Source information:
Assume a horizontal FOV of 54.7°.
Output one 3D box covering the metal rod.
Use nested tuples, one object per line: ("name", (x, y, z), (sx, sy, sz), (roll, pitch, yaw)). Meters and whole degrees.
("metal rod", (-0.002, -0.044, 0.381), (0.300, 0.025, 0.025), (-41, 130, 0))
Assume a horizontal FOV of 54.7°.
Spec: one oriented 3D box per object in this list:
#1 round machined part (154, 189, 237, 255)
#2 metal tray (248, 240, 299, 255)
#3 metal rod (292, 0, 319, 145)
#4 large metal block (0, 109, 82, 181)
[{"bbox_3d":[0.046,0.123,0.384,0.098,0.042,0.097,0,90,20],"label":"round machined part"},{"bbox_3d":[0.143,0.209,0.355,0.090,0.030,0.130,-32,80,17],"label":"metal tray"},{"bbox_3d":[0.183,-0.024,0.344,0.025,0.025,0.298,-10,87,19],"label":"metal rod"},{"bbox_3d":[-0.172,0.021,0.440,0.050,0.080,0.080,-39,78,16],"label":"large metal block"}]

...

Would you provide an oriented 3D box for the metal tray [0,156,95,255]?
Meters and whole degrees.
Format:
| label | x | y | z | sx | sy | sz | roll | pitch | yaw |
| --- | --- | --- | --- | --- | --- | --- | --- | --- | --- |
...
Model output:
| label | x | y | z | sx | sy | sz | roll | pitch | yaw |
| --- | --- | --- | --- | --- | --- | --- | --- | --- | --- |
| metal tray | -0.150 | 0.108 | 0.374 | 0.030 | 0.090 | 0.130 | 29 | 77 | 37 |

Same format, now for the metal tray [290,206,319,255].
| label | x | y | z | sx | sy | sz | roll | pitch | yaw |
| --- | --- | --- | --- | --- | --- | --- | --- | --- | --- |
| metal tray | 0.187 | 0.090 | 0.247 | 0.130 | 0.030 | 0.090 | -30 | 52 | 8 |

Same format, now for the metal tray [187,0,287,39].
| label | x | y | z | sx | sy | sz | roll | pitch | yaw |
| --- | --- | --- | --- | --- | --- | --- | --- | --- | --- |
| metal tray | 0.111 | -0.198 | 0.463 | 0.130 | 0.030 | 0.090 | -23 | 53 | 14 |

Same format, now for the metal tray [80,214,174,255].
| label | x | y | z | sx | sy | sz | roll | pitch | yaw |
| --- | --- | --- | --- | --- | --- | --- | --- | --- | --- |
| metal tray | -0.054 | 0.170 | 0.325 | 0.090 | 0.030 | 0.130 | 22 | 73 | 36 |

---

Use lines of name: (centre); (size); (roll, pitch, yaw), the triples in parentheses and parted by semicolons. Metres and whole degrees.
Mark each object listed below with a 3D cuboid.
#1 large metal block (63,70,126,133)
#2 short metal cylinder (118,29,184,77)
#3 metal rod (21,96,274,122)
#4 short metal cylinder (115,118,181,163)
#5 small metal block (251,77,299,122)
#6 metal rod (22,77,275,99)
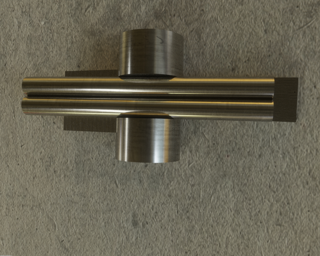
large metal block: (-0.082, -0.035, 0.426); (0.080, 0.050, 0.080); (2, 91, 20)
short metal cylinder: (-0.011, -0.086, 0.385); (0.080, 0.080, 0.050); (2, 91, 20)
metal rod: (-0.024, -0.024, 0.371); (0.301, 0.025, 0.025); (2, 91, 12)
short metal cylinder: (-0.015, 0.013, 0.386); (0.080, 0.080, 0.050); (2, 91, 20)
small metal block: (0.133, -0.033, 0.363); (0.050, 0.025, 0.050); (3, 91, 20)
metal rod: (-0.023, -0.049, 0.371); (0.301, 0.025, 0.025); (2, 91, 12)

Problem to solve:
Search the data above for the string "oriented". Report every line where it is found.

Task answer:
Spec: one oriented 3D box per object in this list:
Would you provide an oriented 3D box for the metal tray [0,156,95,255]?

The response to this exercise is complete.